We discussed other defining moments in Megan’s life. The birth of her two boys awoke in her a love and nurturing “a magic” Megan states “she didn’t know she had”. Embracing motherhood and watching her boys grow and evolve has been one of her unexpected joys, “an amazing blur”. Megan did not see herself where she is now, a stay at home mom, a homeschooler and wife. She planned on being a chef in NYC. Currently, she is utilizing her culinary skills and showcasing paleo-centric meals and desserts along with her homeschooling days on Instagram. Check her out @megthepaleo
Megan feels that she is forging her path to reinvention. Seeing the world in a new way. Seeing herself in a new light. Acknowledging her humanness. Actively speaking out about her rape experiences, shaking off the self blame and shame, pursuing change through therapy, watching her children blossom via homeschooling have all led to positive change and hope. Megan refuses to let her trauma define and control her. She dreams of feeling at peace with herself and the world. Megan says she does not see herself as a badass but that she is aiming to get there. Where is she describes herself out loud or presents herself in that badass intimidating fashion it is because she herself believes it, rather than a mode of self-protection to guard herself against others. As in my last interview I feel so differently than my friend feels about herself. In my eyes who she is, what she experienced and who she is striving to become shows tremendous bravery, guts and heart. All the makings of a badass.

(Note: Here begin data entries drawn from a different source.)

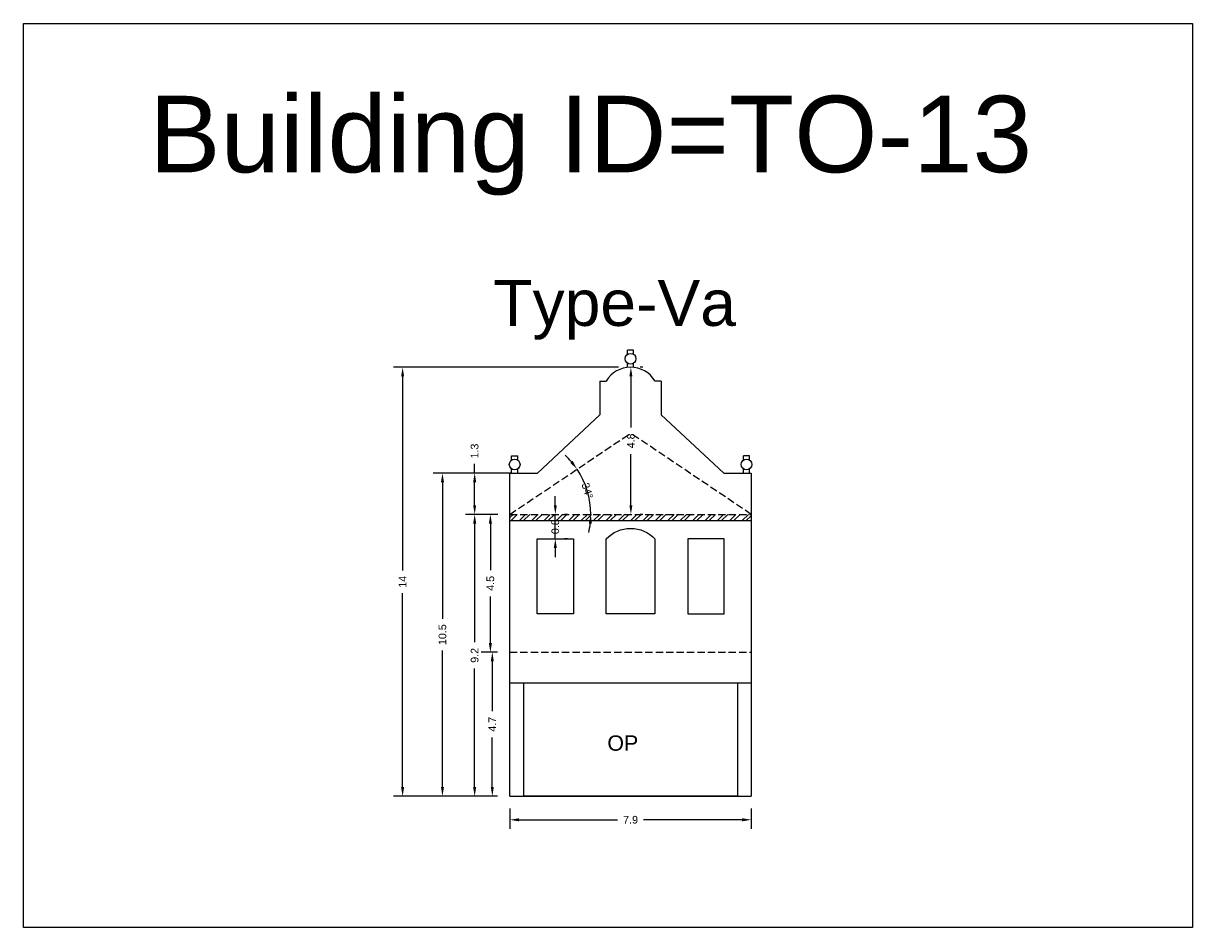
# Model space of a CAD drawing. Header units: metres. Extents: x 3416649 to 3417130, y -6713042 to -6712690.
# Tile 35 of 70: x 3416734 to 3416772, y -6712768 to -6712738. Entities that reach past the tile are written whole.
import ezdxf

# ---------------------------------------------------------------- set-up
doc = ezdxf.new("R2010")
doc.units = ezdxf.units.M
doc.linetypes.add('ACAD_ISO02W100', pattern=[15, 12, -3])
doc.layers.add('Dotted', color=7, linetype='ACAD_ISO02W100', plot=False)
doc.styles.get("Standard").update_dxf_attribs({"font": 'arial.ttf'})
doc.dimstyles.new('ISO-25', dxfattribs={"dimtxt": 0.25, "dimasz": 0.3, "dimexe": 0.3, "dimexo": 0.4, "dimgap": 0.2, "dimtad": 0, "dimdec": 1, "dimdsep": 46, "dimtxsty": 'Standard', "dimcen": 2.5, "dimadec": 0, "dimazin": 0, "dimtfac": 1, "dimtdec": 1, "dimtmove": 0, "dimatfit": 3, "dimfxl": 1, "dimarcsym": 0})

# ---------------------------------------------------------------- blocks, each defined once
blk = doc.blocks.new('*D97')
at = {"color": 0, "lineweight": -2, "transparency": 16777216}
for p, q in [((3416749.316, -6712754.409), (3416748.258, -6712754.409)), ((3416748.558, -6712754.709), (3416748.558, -6712758.582)), ((3416748.558, -6712763.309), (3416748.558, -6712759.435)), ((3416749.308, -6712763.609), (3416748.258, -6712763.609))]:
    blk.add_line(p, q, dxfattribs=at)
at = {"color": 0, "transparency": 16777216}
for points in [[(3416748.508, -6712754.709), (3416748.608, -6712754.709), (3416748.558, -6712754.409)], [(3416748.508, -6712763.309), (3416748.608, -6712763.309), (3416748.558, -6712763.609)]]:
    blk.add_solid(points, dxfattribs=at)
at = {"layer": 'Defpoints', "color": 0, "transparency": 16777216}
for p in [(3416748.558, -6712754.409), (3416749.716, -6712754.409), (3416749.708, -6712763.609)]:
    blk.add_point(p, dxfattribs=at)
at = {"color": 0, "transparency": 16777216, "insert": (3416748.558, -6712759.009), "char_height": 0.25, "attachment_point": 5, "rotation": 90}
blk.add_mtext('9.2', dxfattribs=at)
blk = doc.blocks.new('*D98')
at = {"color": 0, "lineweight": -2, "transparency": 16777216}
for p, q in [((3416751.191, -6712754.109), (3416751.191, -6712753.809)), ((3416751.191, -6712755.209), (3416751.191, -6712754.409)), ((3416751.591, -6712754.409), (3416751.491, -6712754.409)), ((3416751.191, -6712755.509), (3416751.191, -6712755.809)), ((3416751.591, -6712755.209), (3416751.491, -6712755.209))]:
    blk.add_line(p, q, dxfattribs=at)
at = {"color": 0, "transparency": 16777216}
for points in [[(3416751.141, -6712754.109), (3416751.241, -6712754.109), (3416751.191, -6712754.409)], [(3416751.141, -6712755.509), (3416751.241, -6712755.509), (3416751.191, -6712755.209)]]:
    blk.add_solid(points, dxfattribs=at)
at = {"layer": 'Defpoints', "color": 0, "transparency": 16777216}
for p in [(3416751.191, -6712754.409), (3416751.191, -6712754.409), (3416751.191, -6712755.209)]:
    blk.add_point(p, dxfattribs=at)
at = {"color": 0, "transparency": 16777216, "insert": (3416751.191, -6712754.809), "char_height": 0.25, "attachment_point": 5, "rotation": 90}
blk.add_mtext('0.8', dxfattribs=at)
blk = doc.blocks.new('*D99')
at = {"color": 0, "lineweight": -2, "transparency": 16777216}
for start, end in [(40.4327, 46.941), (360, 33.9243), (346.9833, 353.4917)]:
    blk.add_arc((3416749.708, -6712754.409), 2.642, start, end, dxfattribs=at)
at = {"color": 0, "transparency": 16777216}
for points in [[(3416751.76, -6712752.665), (3416751.68, -6712752.725), (3416751.901, -6712752.934)], [(3416752.284, -6712754.705), (3416752.384, -6712754.711), (3416752.351, -6712754.409)]]:
    blk.add_solid(points, dxfattribs=at)
at = {"layer": 'Defpoints', "color": 0, "transparency": 16777216}
for p in [(3416753.648, -6712751.759), (3416752.3, -6712753.89), (3416749.708, -6712754.409), (3416749.708, -6712754.409), (3416757.588, -6712754.409)]:
    blk.add_point(p, dxfattribs=at)
at = {"color": 0, "transparency": 16777216, "insert": (3416752.236, -6712753.638), "char_height": 0.25, "attachment_point": 5, "rotation": 286.9622}
blk.add_mtext('34°', dxfattribs=at)
blk = doc.blocks.new('*D100')
at = {"color": 0, "lineweight": -2, "transparency": 16777216}
for p, q in [((3416754.048, -6712749.609), (3416753.958, -6712749.609)), ((3416753.658, -6712749.909), (3416753.658, -6712751.576)), ((3416753.658, -6712754.109), (3416753.658, -6712752.441)), ((3416754.048, -6712754.409), (3416753.958, -6712754.409))]:
    blk.add_line(p, q, dxfattribs=at)
at = {"color": 0, "transparency": 16777216}
for points in [[(3416753.608, -6712749.909), (3416753.708, -6712749.909), (3416753.658, -6712749.609)], [(3416753.608, -6712754.109), (3416753.708, -6712754.109), (3416753.658, -6712754.409)]]:
    blk.add_solid(points, dxfattribs=at)
at = {"layer": 'Defpoints', "color": 0, "transparency": 16777216}
for p in [(3416753.648, -6712749.609), (3416753.658, -6712749.609), (3416753.648, -6712754.409)]:
    blk.add_point(p, dxfattribs=at)
at = {"color": 0, "transparency": 16777216, "insert": (3416753.658, -6712752.009), "char_height": 0.25, "attachment_point": 5, "rotation": 90}
blk.add_mtext('4.8', dxfattribs=at)
blk = doc.blocks.new('*D101')
at = {"color": 0, "lineweight": -2, "transparency": 16777216}
for p, q in [((3416748.558, -6712753.059), (3416748.558, -6712752.759)), ((3416749.308, -6712753.059), (3416748.258, -6712753.059)), ((3416748.558, -6712754.109), (3416748.558, -6712753.359)), ((3416749.308, -6712754.409), (3416748.258, -6712754.409))]:
    blk.add_line(p, q, dxfattribs=at)
at = {"color": 0, "transparency": 16777216}
for points in [[(3416748.508, -6712753.359), (3416748.608, -6712753.359), (3416748.558, -6712753.059)], [(3416748.508, -6712754.109), (3416748.608, -6712754.109), (3416748.558, -6712754.409)]]:
    blk.add_solid(points, dxfattribs=at)
at = {"layer": 'Defpoints', "color": 0, "transparency": 16777216}
for p in [(3416748.558, -6712753.059), (3416749.708, -6712753.059), (3416749.708, -6712754.409)]:
    blk.add_point(p, dxfattribs=at)
at = {"color": 0, "transparency": 16777216, "insert": (3416748.558, -6712752.343), "char_height": 0.25, "attachment_point": 5, "rotation": 90}
blk.add_mtext('1.3', dxfattribs=at)
blk = doc.blocks.new('*D102')
at = {"color": 0, "lineweight": -2, "transparency": 16777216}
for p, q in [((3416749.758, -6712753.059), (3416747.207, -6712753.059)), ((3416747.507, -6712753.359), (3416747.507, -6712757.82)), ((3416747.507, -6712763.309), (3416747.507, -6712758.847)), ((3416749.308, -6712763.609), (3416747.207, -6712763.609))]:
    blk.add_line(p, q, dxfattribs=at)
at = {"color": 0, "transparency": 16777216}
for points in [[(3416747.457, -6712753.359), (3416747.557, -6712753.359), (3416747.507, -6712753.059)], [(3416747.457, -6712763.309), (3416747.557, -6712763.309), (3416747.507, -6712763.609)]]:
    blk.add_solid(points, dxfattribs=at)
at = {"layer": 'Defpoints', "color": 0, "transparency": 16777216}
for p in [(3416747.507, -6712753.059), (3416750.158, -6712753.059), (3416749.708, -6712763.609)]:
    blk.add_point(p, dxfattribs=at)
at = {"color": 0, "transparency": 16777216, "insert": (3416747.507, -6712758.334), "char_height": 0.25, "attachment_point": 5, "rotation": 90}
blk.add_mtext('10.5', dxfattribs=at)
blk = doc.blocks.new('*D103')
at = {"color": 0, "lineweight": -2, "transparency": 16777216}
for p, q in [((3416753.258, -6712749.609), (3416745.906, -6712749.609)), ((3416746.206, -6712749.909), (3416746.206, -6712756.242)), ((3416746.206, -6712763.309), (3416746.206, -6712756.975)), ((3416749.308, -6712763.609), (3416745.906, -6712763.609))]:
    blk.add_line(p, q, dxfattribs=at)
at = {"color": 0, "transparency": 16777216}
for points in [[(3416746.156, -6712749.909), (3416746.256, -6712749.909), (3416746.206, -6712749.609)], [(3416746.156, -6712763.309), (3416746.256, -6712763.309), (3416746.206, -6712763.609)]]:
    blk.add_solid(points, dxfattribs=at)
at = {"layer": 'Defpoints', "color": 0, "transparency": 16777216}
for p in [(3416746.206, -6712749.609), (3416753.658, -6712749.609), (3416749.708, -6712763.609)]:
    blk.add_point(p, dxfattribs=at)
at = {"color": 0, "transparency": 16777216, "insert": (3416746.206, -6712756.609), "char_height": 0.25, "attachment_point": 5, "rotation": 90}
blk.add_mtext('14', dxfattribs=at)
blk = doc.blocks.new('*D104')
at = {"color": 0, "lineweight": -2, "transparency": 16777216}
for p, q in [((3416749.708, -6712764.009), (3416749.708, -6712764.675)), ((3416757.588, -6712764.009), (3416757.588, -6712764.675)), ((3416750.008, -6712764.375), (3416753.222, -6712764.375)), ((3416757.288, -6712764.375), (3416754.075, -6712764.375))]:
    blk.add_line(p, q, dxfattribs=at)
at = {"color": 0, "transparency": 16777216}
for points in [[(3416750.008, -6712764.325), (3416750.008, -6712764.425), (3416749.708, -6712764.375)], [(3416757.288, -6712764.325), (3416757.288, -6712764.425), (3416757.588, -6712764.375)]]:
    blk.add_solid(points, dxfattribs=at)
at = {"layer": 'Defpoints', "color": 0, "transparency": 16777216}
for p in [(3416749.708, -6712763.609), (3416757.588, -6712763.609), (3416757.588, -6712764.375)]:
    blk.add_point(p, dxfattribs=at)
at = {"color": 0, "transparency": 16777216, "insert": (3416753.648, -6712764.375), "char_height": 0.25, "attachment_point": 5}
blk.add_mtext('7.9', dxfattribs=at)
blk = doc.blocks.new('*D105')
at = {"color": 0, "lineweight": -2, "transparency": 16777216}
for p, q in [((3416749.308, -6712758.909), (3416748.834, -6712758.909)), ((3416749.134, -6712759.209), (3416749.134, -6712760.826)), ((3416749.134, -6712763.309), (3416749.134, -6712761.691)), ((3416749.308, -6712763.609), (3416748.834, -6712763.609))]:
    blk.add_line(p, q, dxfattribs=at)
at = {"color": 0, "transparency": 16777216}
for points in [[(3416749.084, -6712759.209), (3416749.184, -6712759.209), (3416749.134, -6712758.909)], [(3416749.084, -6712763.309), (3416749.184, -6712763.309), (3416749.134, -6712763.609)]]:
    blk.add_solid(points, dxfattribs=at)
at = {"layer": 'Defpoints', "color": 0, "transparency": 16777216}
for p in [(3416749.134, -6712758.909), (3416749.708, -6712758.909), (3416749.708, -6712763.609)]:
    blk.add_point(p, dxfattribs=at)
at = {"color": 0, "transparency": 16777216, "insert": (3416749.134, -6712761.259), "char_height": 0.25, "attachment_point": 5, "rotation": 90}
blk.add_mtext('4.7', dxfattribs=at)
blk = doc.blocks.new('*D106')
at = {"color": 0, "lineweight": -2, "transparency": 16777216}
for p, q in [((3416749.308, -6712754.409), (3416748.771, -6712754.409)), ((3416749.071, -6712754.709), (3416749.071, -6712756.225)), ((3416749.071, -6712758.609), (3416749.071, -6712757.092)), ((3416749.308, -6712758.909), (3416748.771, -6712758.909))]:
    blk.add_line(p, q, dxfattribs=at)
at = {"color": 0, "transparency": 16777216}
for points in [[(3416749.021, -6712754.709), (3416749.121, -6712754.709), (3416749.071, -6712754.409)], [(3416749.021, -6712758.609), (3416749.121, -6712758.609), (3416749.071, -6712758.909)]]:
    blk.add_solid(points, dxfattribs=at)
at = {"layer": 'Defpoints', "color": 0, "transparency": 16777216}
for p in [(3416749.071, -6712754.409), (3416749.708, -6712754.409), (3416749.708, -6712758.909)]:
    blk.add_point(p, dxfattribs=at)
at = {"color": 0, "transparency": 16777216, "insert": (3416749.071, -6712756.659), "char_height": 0.25, "attachment_point": 5, "rotation": 90}
blk.add_mtext('4.5', dxfattribs=at)

msp = doc.modelspace()

# ---------------------------------------------------------------- hatches: boundary and pattern name
h = msp.add_hatch()
h.set_pattern_fill('ANSI32', color=256, scale=0.03)
h.set_pattern_definition([(45, (-15.89046, 0), (-0.202055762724, 0.202055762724), []), (45, (-15.75575, 0), (-0.202055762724, 0.202055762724), [])])
h.paths.add_polyline_path([(3416757.588, -6712754.609), (3416757.588, -6712754.409), (3416749.708, -6712754.409), (3416749.708, -6712754.609)])
h.paths.add_polyline_path([(3416751.451, -6712755.113), (3416751.451, -6712754.503), (3416750.936, -6712754.503), (3416750.936, -6712755.113)], flags=9)

# ---------------------------------------------------------------- linework, layer by layer
msp.add_line((3416749.708, -6712754.609), (3416757.588, -6712754.609))
for points in [[(3416733.825, -6712738.386), (3416771.996, -6712738.386), (3416771.996, -6712767.893), (3416733.825, -6712767.893)], [(3416750.598, -6712755.209), (3416751.784, -6712755.209), (3416751.784, -6712757.654), (3416750.598, -6712757.654)], [(3416756.699, -6712755.209), (3416755.513, -6712755.209), (3416755.513, -6712757.654), (3416756.699, -6712757.654)], [(3416750.158, -6712759.909), (3416757.138, -6712759.909), (3416757.138, -6712763.609), (3416750.158, -6712763.609)]]:
    msp.add_lwpolyline(points, close=True)
for points in [[(3416753.547, -6712749.186), (3416753.547, -6712749.052)], [(3416753.747, -6712749.052), (3416753.547, -6712749.052)], [(3416753.747, -6712749.186), (3416753.747, -6712749.052)], [(3416753.547, -6712749.609), (3416753.547, -6712749.475)], [(3416753.747, -6712749.609), (3416753.747, -6712749.475)], [(3416752.648, -6712750.059), (3416752.648, -6712751.159)], [(3416752.648, -6712750.059), (3416752.848, -6712750.059)], [(3416754.648, -6712750.059), (3416754.448, -6712750.059)], [(3416754.648, -6712750.059), (3416754.648, -6712751.159)], [(3416750.608, -6712753.059), (3416752.648, -6712751.159)], [(3416756.688, -6712753.059), (3416754.648, -6712751.159)], [(3416749.765, -6712752.636), (3416749.765, -6712752.502)], [(3416749.765, -6712752.502), (3416749.965, -6712752.502)], [(3416749.965, -6712752.636), (3416749.965, -6712752.502)], [(3416757.332, -6712752.636), (3416757.332, -6712752.502)], [(3416757.532, -6712752.502), (3416757.332, -6712752.502)], [(3416757.532, -6712752.636), (3416757.532, -6712752.502)], [(3416749.708, -6712763.609), (3416749.708, -6712753.059)], [(3416749.708, -6712753.059), (3416750.608, -6712753.059)], [(3416749.765, -6712753.059), (3416749.765, -6712752.925)], [(3416749.965, -6712753.059), (3416749.965, -6712752.925)], [(3416756.688, -6712753.059), (3416757.588, -6712753.059)], [(3416757.332, -6712753.059), (3416757.332, -6712752.925)], [(3416757.532, -6712753.059), (3416757.532, -6712752.925)], [(3416757.588, -6712753.059), (3416757.588, -6712763.609)], [(3416749.708, -6712759.909), (3416757.588, -6712759.909)], [(3416750.158, -6712763.609), (3416750.158, -6712759.909)], [(3416757.138, -6712759.909), (3416757.138, -6712763.609)], [(3416749.708, -6712763.609), (3416757.588, -6712763.609)]]:
    msp.add_lwpolyline(points)
msp.add_lwpolyline([(3416754.442, -6712755.209), (3416754.442, -6712755.209), (3416754.442, -6712757.654), (3416752.855, -6712757.654), (3416752.855, -6712755.209, -0.433141), (3416754.442, -6712755.209)], format="xyb")
for centre in [(3416753.647, -6712749.33), (3416749.865, -6712752.78), (3416757.432, -6712752.78)]:
    msp.add_circle(centre, 0.176)
msp.add_arc((3416753.648, -6712750.545), 0.936, 31.2845, 148.7155)
at = {"layer": 'Dotted', "ltscale": 0.02}
msp.add_line((3416749.708, -6712754.409), (3416757.588, -6712754.409), dxfattribs=at)
for points in [[(3416749.708, -6712754.409), (3416753.648, -6712751.759)], [(3416757.588, -6712754.409), (3416753.648, -6712751.759)], [(3416749.708, -6712758.909), (3416757.588, -6712758.909)]]:
    msp.add_lwpolyline(points, dxfattribs=at)

# ---------------------------------------------------------------- texts
at = {"attachment_point": 1}
for s, width, heights, insert, char_height in [('Building ID=TO-13', 67.86454, [0.517], (3416737.931, -6712740.747), 2.5), ('Type-Va ', 9.99112, [0.517], (3416749.169, -6712746.758), 1.5), ('OP', 67.86454, [0], (3416752.89, -6712761.621), 0.5)]:
    msp.add_mtext_dynamic_manual_height_columns(s, width=width, gutter_width=12.5, heights=heights, dxfattribs=dict(at, insert=insert, char_height=char_height))

# ---------------------------------------------------------------- dimensions: what is measured, and where the dimension line sits
for base, p1, p2, picture, middle in [((3416746.206, -6712749.609), (3416749.708, -6712763.609), (3416753.658, -6712749.609), '*D103', (3416746.206, -6712756.609)), ((3416753.658, -6712749.609), (3416753.648, -6712754.409), (3416753.648, -6712749.609), '*D100', (3416753.658, -6712752.009)), ((3416748.558250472, -6712753.058571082), (3416749.708451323, -6712754.408571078), (3416749.708451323, -6712753.058571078), '*D101', (3416748.55825047, -6712752.342762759)), ((3416747.506570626, -6712753.058571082), (3416749.708451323, -6712763.608571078), (3416750.158451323, -6712753.058571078), '*D102', (3416747.506570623, -6712758.33357108)), ((3416748.558, -6712754.409), (3416749.708, -6712763.609), (3416749.716, -6712754.409), '*D97', (3416748.558, -6712759.009)), ((3416749.071, -6712754.409), (3416749.708, -6712758.909), (3416749.708, -6712754.409), '*D106', (3416749.071, -6712756.659)), ((3416749.134, -6712758.909), (3416749.708, -6712763.609), (3416749.708, -6712758.909), '*D105', (3416749.134, -6712761.259))]:
    dim = msp.add_linear_dim(base=base, p1=p1, p2=p2, angle=90, dimstyle='ISO-25')
    dim.commit()
    dim.dimension.update_dxf_attribs({"geometry": picture, "text_midpoint": middle})
dim = msp.add_angular_dim_2l(base=(3416752.3, -6712753.89), line1=((3416749.708, -6712754.409), (3416757.588, -6712754.409)), line2=((3416749.708, -6712754.409), (3416753.648, -6712751.759)), dimstyle='ISO-25')
dim.commit()
dim.dimension.update_dxf_attribs({"geometry": '*D99', "text_midpoint": (3416752.236, -6712753.638)})
dim = msp.add_linear_dim(base=(3416751.191, -6712754.409), p1=(3416751.191, -6712755.209), p2=(3416751.191, -6712754.409), angle=90, dimstyle='ISO-25')
dim.commit()
dim.dimension.update_dxf_attribs({"geometry": '*D98', "text_midpoint": (3416751.191, -6712754.809), "dimtype": 160})
dim = msp.add_linear_dim(base=(3416757.588, -6712764.375), p1=(3416749.708, -6712763.609), p2=(3416757.588, -6712763.609), dimstyle='ISO-25')
dim.commit()
dim.dimension.update_dxf_attribs({"geometry": '*D104', "text_midpoint": (3416753.648, -6712764.375)})

doc.saveas('drawing.dxf')

As we wrap up our conversation I ask Megan what her goals are for 2019. She smiles and chuckles a bit and says that she avoids making resolutions. That for her and her OCD type thought processes resolutions are self-sabotage. She prefers to see how change unfolds and be pleasantly surprised with the flourishing in her life. But, she says that she is aiming to be healthier. Healthier self and family. For what it’s worth I think she is well underway.